Pot Bellied Pigs/mini pig
QUESTION: I emailed you a few times before and the things you've said have helped.....I'm just curious if you can get pigs to He'll snort an then start squealing lowly. Everytime he wakes up he expects to get fed and he's put on quite a few pounds since getting him last month. I do have him on a diet. But whenever he goes outside his hooves are caked in mud and he won't allow me to clean then without being fed handfuls of food. If there's no food he just runs around squealing like you're killing him. His noises are getting a little unbearable because there's NEVER any quietness in our house. He's always making some kind of noises. Whenever we get up to get a snack he wakes up and follows you out to the kitchen expecting food and we don't give it to him, but then he complains for like 30 minutes. I don't want to get rid of him but I can't do 20 years of him acting like this.

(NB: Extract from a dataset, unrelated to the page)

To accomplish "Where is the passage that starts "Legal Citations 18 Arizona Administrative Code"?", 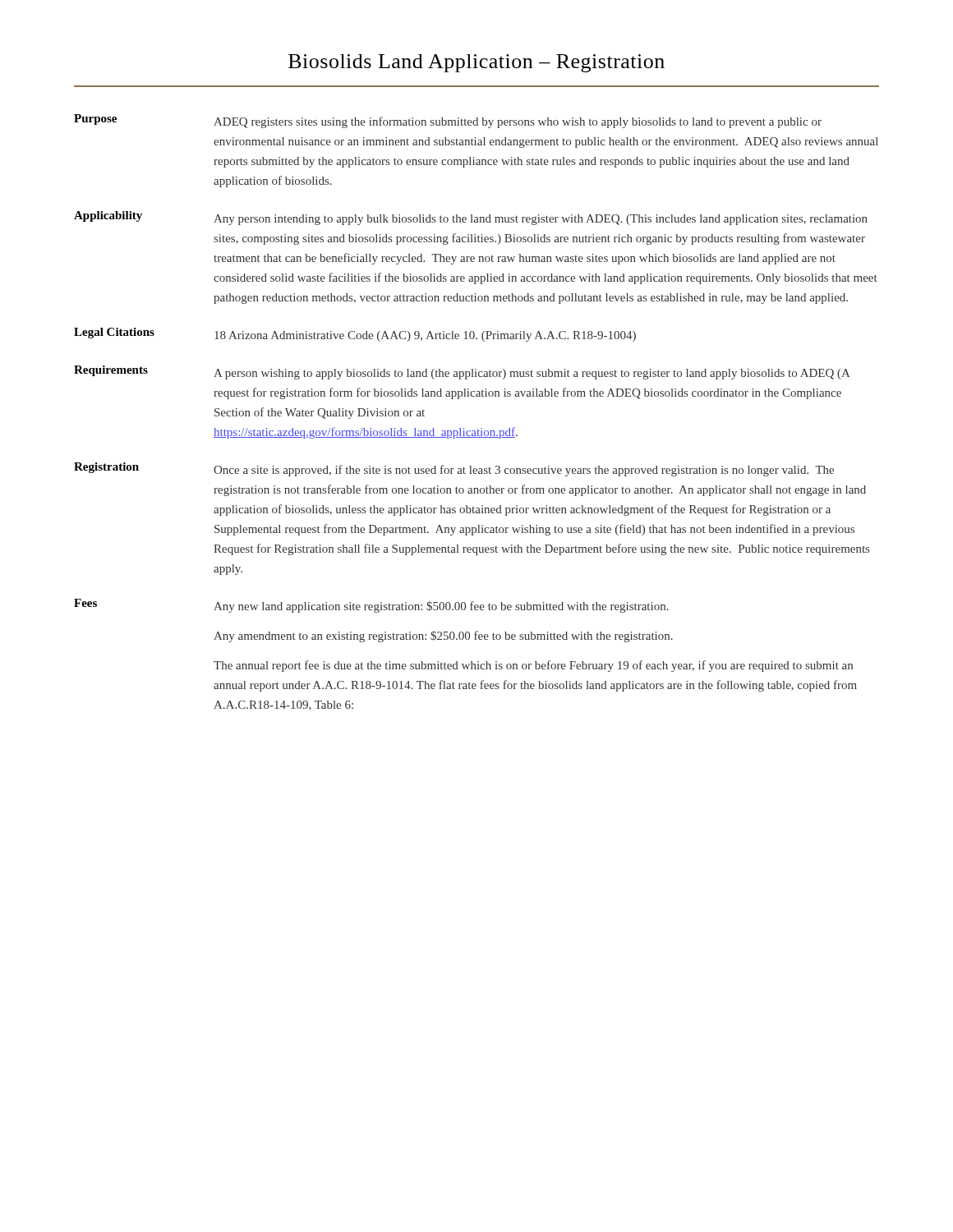I will 476,335.

ANSWER: Some pigs are noisier than others. Usually, female pigs are talkers, males tend to be quieter. Right now, he might be whining out of confusion. Pigs learn quickly and unlearn very slowly, so he may still be unlearning old rules.
The key is consistency. The easiest rule is no treats except as training rewards, and no between meal snacks.
It's easier to hold on to a pig wearing a harness. So, start harness training as soon as possible, so you can hold the harness when cleaning his hooves. Usually food is a great reward. However, if he is eating handfuls of food but the hooves aren't getting cleaned, then the "food reward" is rewarding bad behavior.
When piggy is harness trained, then you can hold the harness and clean his feet every time he comes inside. In the meantime, no more food while hoof cleaning. Instead, try to wipe his feet outside, before letting him in the door. Or, lay down mats from the door to a small space like a bathroom or laundry room, with a washable mat on the floor. When piggy comes in, he goes straight to his new "foot cleaning" spot, staying on the mats. This might be the only exception to the no food rule, if he will follow you for just a small treat. Then, he has to stay in this spot until his hooves are cleaned. He will not be happy about this, but it will help keep some of the dirt up off the floor.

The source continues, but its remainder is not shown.